Authors Observe: It is a huge story, longer than I’ve executed in years so will probably be damaged up into items and posted within the coming days. If it appears a bit destructive at first, that’s solely the start, and finish, the huge center is the tech and we like that lots. That is Half 1 of a sequence. Half 2 could be discovered right here, Half 3 could be discovered right here, and Half 4 could be discovered right here.
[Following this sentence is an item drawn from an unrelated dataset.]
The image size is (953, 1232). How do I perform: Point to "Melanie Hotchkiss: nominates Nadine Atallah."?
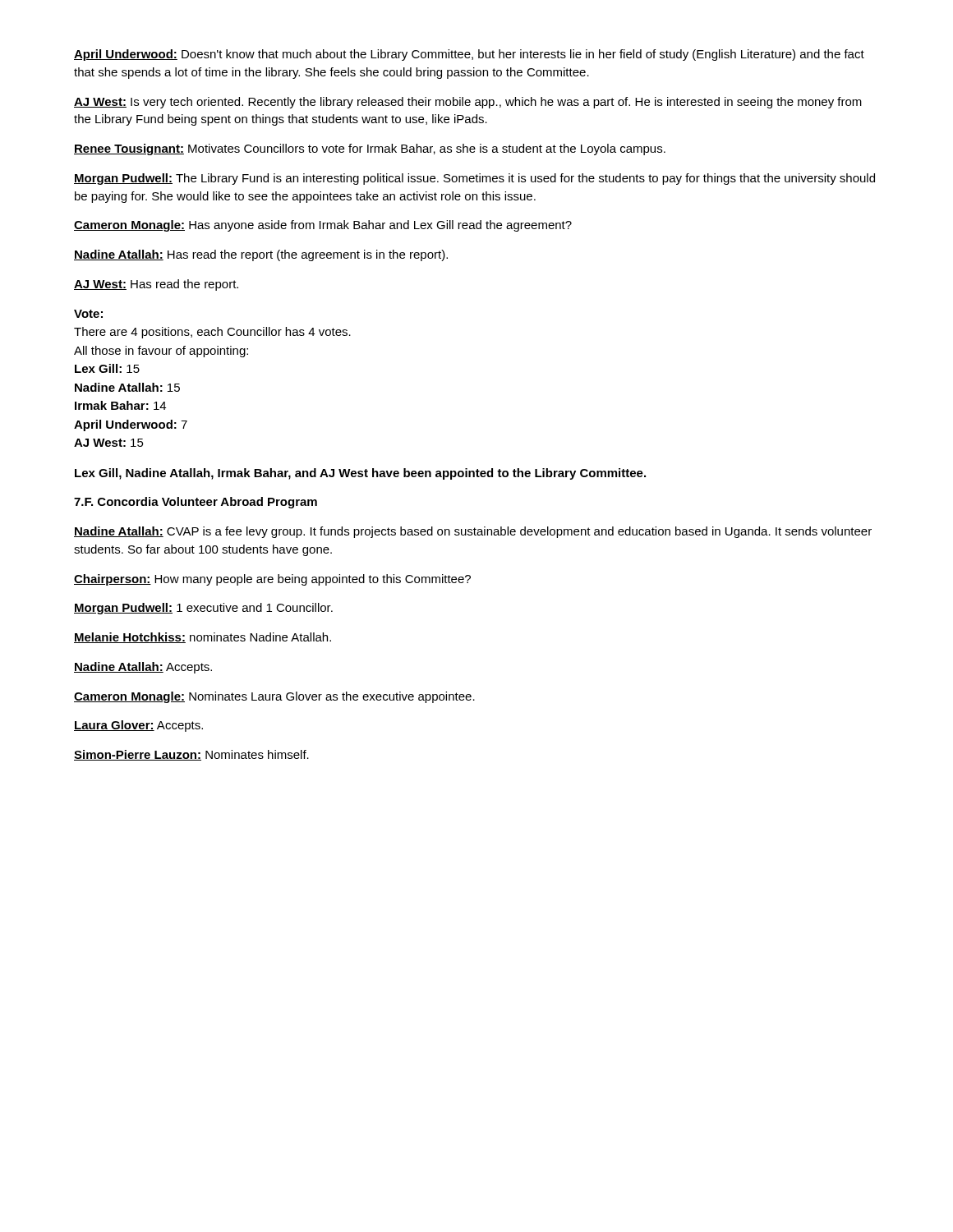(203, 637)

Overview and Historical past:
Qualcomm has been making PC CPUs for over a decade with, lets be charitable, blended outcomes. The reference SemiAccurate discovered after nearly a number of minutes of looking is right here in 2012. Ignore these early makes an attempt at making an ARM based mostly Home windows laptop computer, aka WART or Home windows on ARM RT. What we try to level out is this isn’t a brand new program, it’s 10+ years in, and that’s essential to think about when evaluating the top product, not the silicon. We are going to do each.
Final summer season the belated Snapdragon X Elite CPU got here out and the silicon was actually good, the Nuvia acquisition delivered on the promise. SemiAccurate favored the silicon however discovered the platform as an entire unacceptable. Why? We acquired a pattern the day after launch, a Microsoft Floor Laptop computer. It flat out didn’t work. After dozens of hours of attempting to get this system to a state the place it did one thing stably, we gave up getting no additional than a boot loop.
When Qualcomm requested us what we needed to to check, we instructed them we had been going to strip Home windows off and set up Linux, then see what the expertise was like. About six weeks in the past we lastly acquired the system to the purpose the place it will load a desktop and open a browser. In the event you moved the mouse wheel, the trackpad and lots of different issues had been MIA, the entire system crashed. We have now since gotten our arms on an Acer Swift 14 and had a a lot better expertise, so long as issues like sound and afew different bits will not be in your performance guidelines however, nicely, that is only some days in.
Earlier than you click on away as a result of Linux or us not operating Home windows, it’s related to you even in the event you run Home windows. Why? As a result of Qualcomm’s software program enablement is one thing between non-existent and antagonistic to builders no matter OS. After a decade plus of labor, these WARTBooks will not be near functionally suitable with the x86 Home windows software program base. You probably have an issue with the gadgets, good luck to you.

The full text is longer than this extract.